> _Work instruction_
Lines from the entries below that hold "image" form the answer; copy all of them.

[Stored data]

[Start of section]

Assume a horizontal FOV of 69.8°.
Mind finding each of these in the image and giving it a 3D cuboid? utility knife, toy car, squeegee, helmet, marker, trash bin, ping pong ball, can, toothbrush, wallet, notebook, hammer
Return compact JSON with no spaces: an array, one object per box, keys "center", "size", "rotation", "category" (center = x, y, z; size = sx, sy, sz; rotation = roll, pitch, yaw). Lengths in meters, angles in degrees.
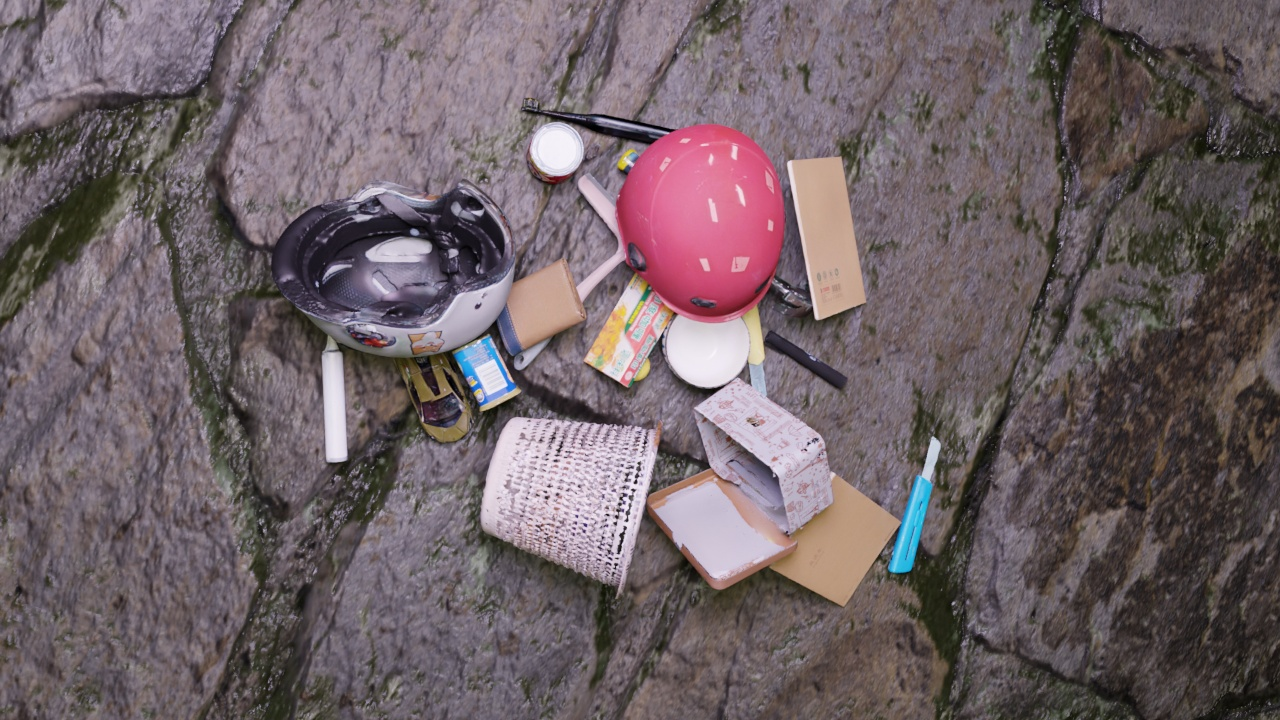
[{"center":[0.152,-0.041,1.263],"size":[0.031,0.021,0.206],"rotation":[-10,89,-7],"category":"utility knife"},{"center":[-0.266,0.032,1.182],"size":[0.070,0.042,0.158],"rotation":[-24,100,-7],"category":"toy car"},{"center":[-0.081,-0.077,1.184],"size":[0.250,0.040,0.247],"rotation":[-45,74,9],"category":"squeegee"},{"center":[0.401,0.210,1.328],"size":[0.034,0.018,0.204],"rotation":[15,90,-10],"category":"utility knife"},{"center":[-0.279,-0.092,1.103],"size":[0.274,0.157,0.229],"rotation":[-9,53,-3],"category":"helmet"},{"center":[0.231,0.000,1.280],"size":[0.132,0.020,0.022],"rotation":[31,105,-10],"category":"marker"},{"center":[-0.089,0.164,1.149],"size":[0.192,0.227,0.227],"rotation":[13,91,1],"category":"trash bin"},{"center":[-0.007,0.007,1.226],"size":[0.040,0.040,0.040],"rotation":[-1,94,-10],"category":"ping pong ball"},{"center":[-0.196,0.014,1.163],"size":[0.057,0.102,0.083],"rotation":[-27,96,-8],"category":"can"},{"center":[-0.390,0.019,1.164],"size":[0.026,0.026,0.221],"rotation":[-5,96,-37],"category":"toothbrush"},{"center":[-0.131,-0.068,1.169],"size":[0.115,0.033,0.090],"rotation":[-25,74,21],"category":"wallet"},{"center":[0.270,0.250,1.255],"size":[0.211,0.012,0.149],"rotation":[35,89,-43],"category":"notebook"},{"center":[0.103,-0.166,1.209],"size":[0.323,0.126,0.032],"rotation":[38,114,-4],"category":"hammer"},{"center":[0.082,-0.175,1.098],"size":[0.207,0.144,0.240],"rotation":[-17,80,-10],"category":"helmet"},{"center":[-0.050,-0.312,1.203],"size":[0.212,0.026,0.027],"rotation":[10,105,-10],"category":"toothbrush"},{"center":[-0.109,-0.260,1.161],"size":[0.066,0.094,0.066],"rotation":[-1,94,-10],"category":"can"},{"center":[0.253,-0.168,1.232],"size":[0.147,0.008,0.207],"rotation":[-19,100,-50],"category":"notebook"}]

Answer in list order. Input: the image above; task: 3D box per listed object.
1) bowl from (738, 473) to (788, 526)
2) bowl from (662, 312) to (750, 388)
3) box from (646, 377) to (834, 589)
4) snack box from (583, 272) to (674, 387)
[{"center":[0.201,0.180,1.258],"size":[0.118,0.118,0.064],"rotation":[-57,139,-2],"category":"bowl"},{"center":[0.082,-0.023,1.227],"size":[0.116,0.066,0.116],"rotation":[-1,95,-11],"category":"bowl"},{"center":[0.111,0.158,1.166],"size":[0.193,0.183,0.157],"rotation":[-31,130,-18],"category":"box"},{"center":[-0.006,-0.048,1.205],"size":[0.027,0.077,0.155],"rotation":[33,87,-46],"category":"snack box"}]

[End of section]

> _Task result_
Mind finding each of these in the image and giving it a 3D cuboid? utility knife, toy car, squeegee, helmet, marker, trash bin, ping pong ball, can, toothbrush, wallet, notebook, hammer
Answer in list order. Input: the image above; task: 3D box per listed object.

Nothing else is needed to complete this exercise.